During Major General Samuel B. Maxey's early 1864 reorganisation of Confederate forces in the Indian Territory, the Osage Battalion became part of Brigadier General Stand Watie's First Indian Brigade of the Army of the Trans-Mississippi from May 10.

The Osage Battalion fought at the Second Battle of Cabin Creek, where the Confederates captured 130 wagons and more than 1,800 horses and mules from a Union supply train. By early 1865 Chouteau reported that the battalion was in good spirits but lacked for uniforms and requested fresh supplies from the Confederate authorities.

== Surrender ==
The American Civil War is considered to have ended on May 9, 1865, with Union president Andrew Johnson's declaration of the same, but isolated units continued to be active after this time.
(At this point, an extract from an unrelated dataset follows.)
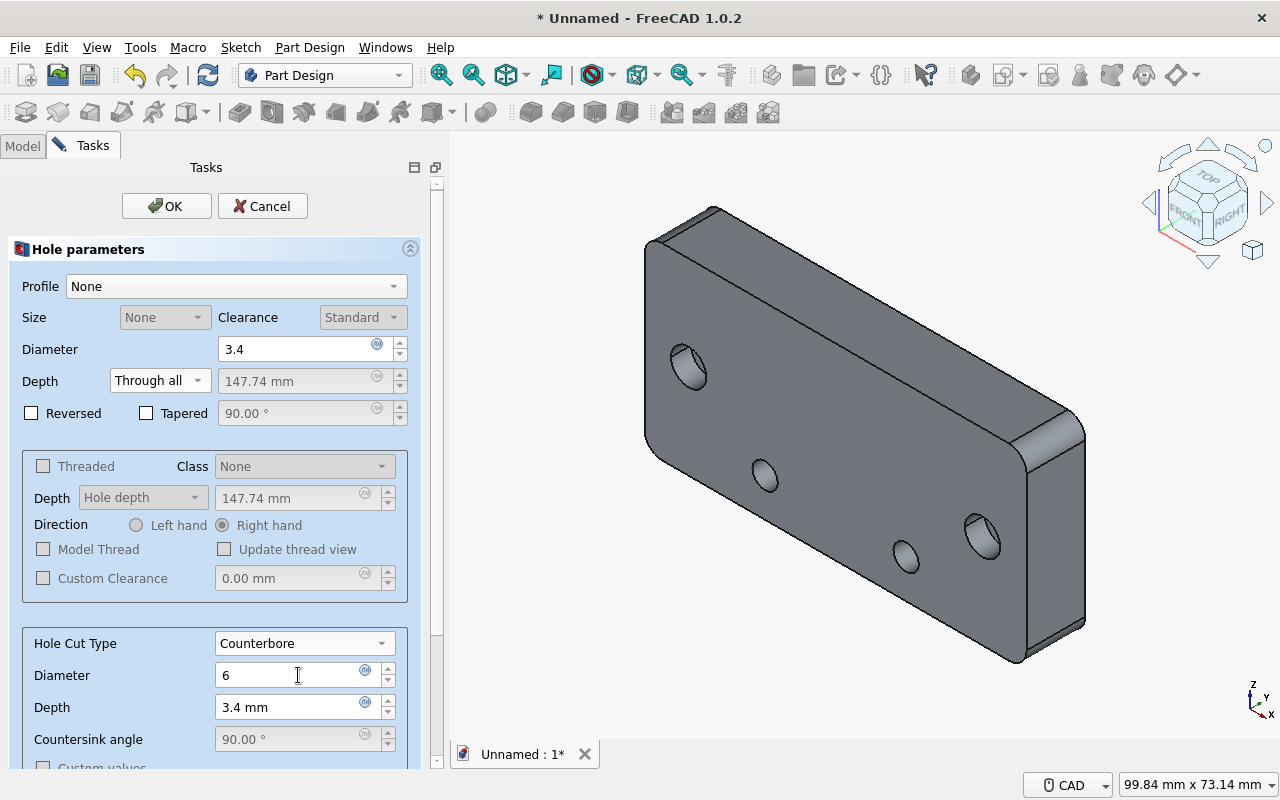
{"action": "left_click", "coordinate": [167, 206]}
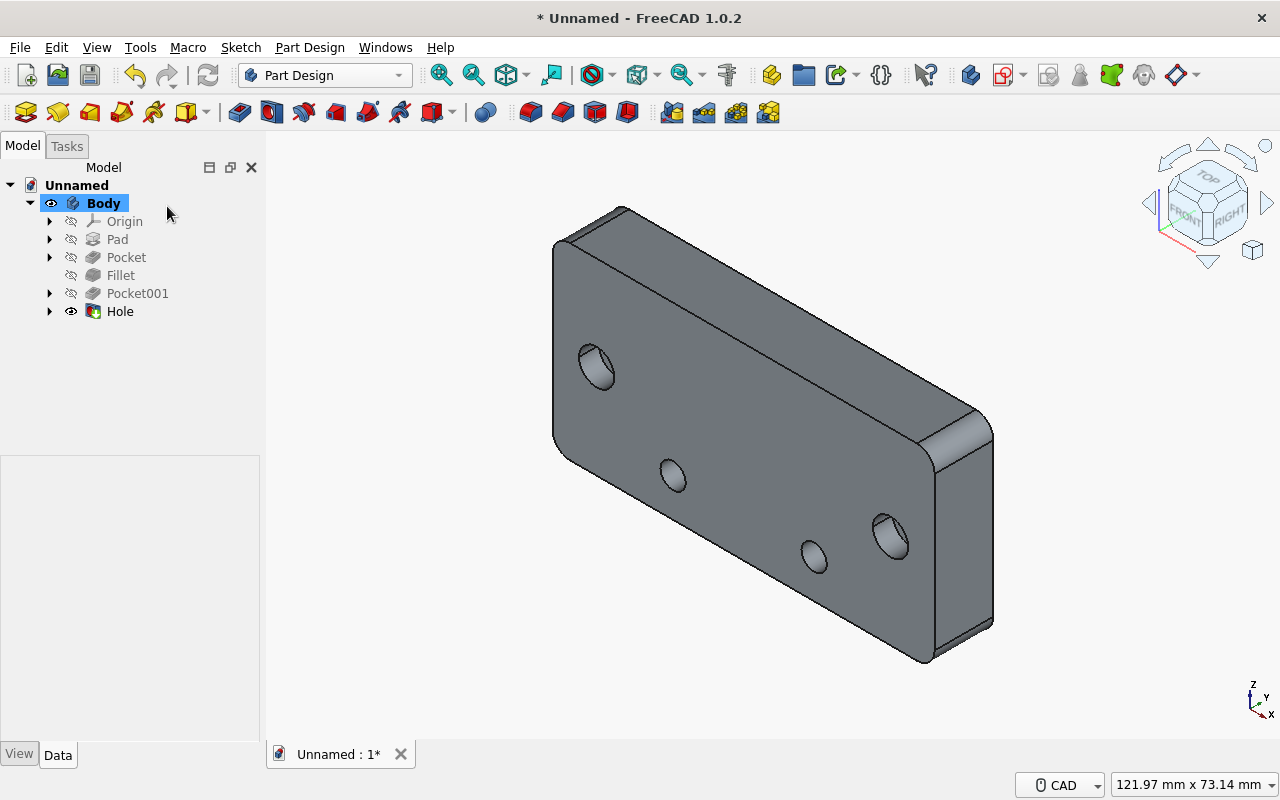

The Osage battalion did not surrender to Union forces until June 23. It submitted at Fort Towson near Doaksville, Indian Territory, as part of a ceremony with some of the Cherokee, Creek and Seminole forces of Watie's command. Watie was the last Confederate general to capitulate and this ceremony marked the "last formal surrender of any significant body of Confederate troops".

In the aftermath of the war the Osage were summoned to the US government's Fort Smith Council in September 1865, but were not made to sign new agreements. This was in contrast to the Five Civilized Tribes, who were told they had forfeited all previous treaty rights by signing treaties with the Confederacy.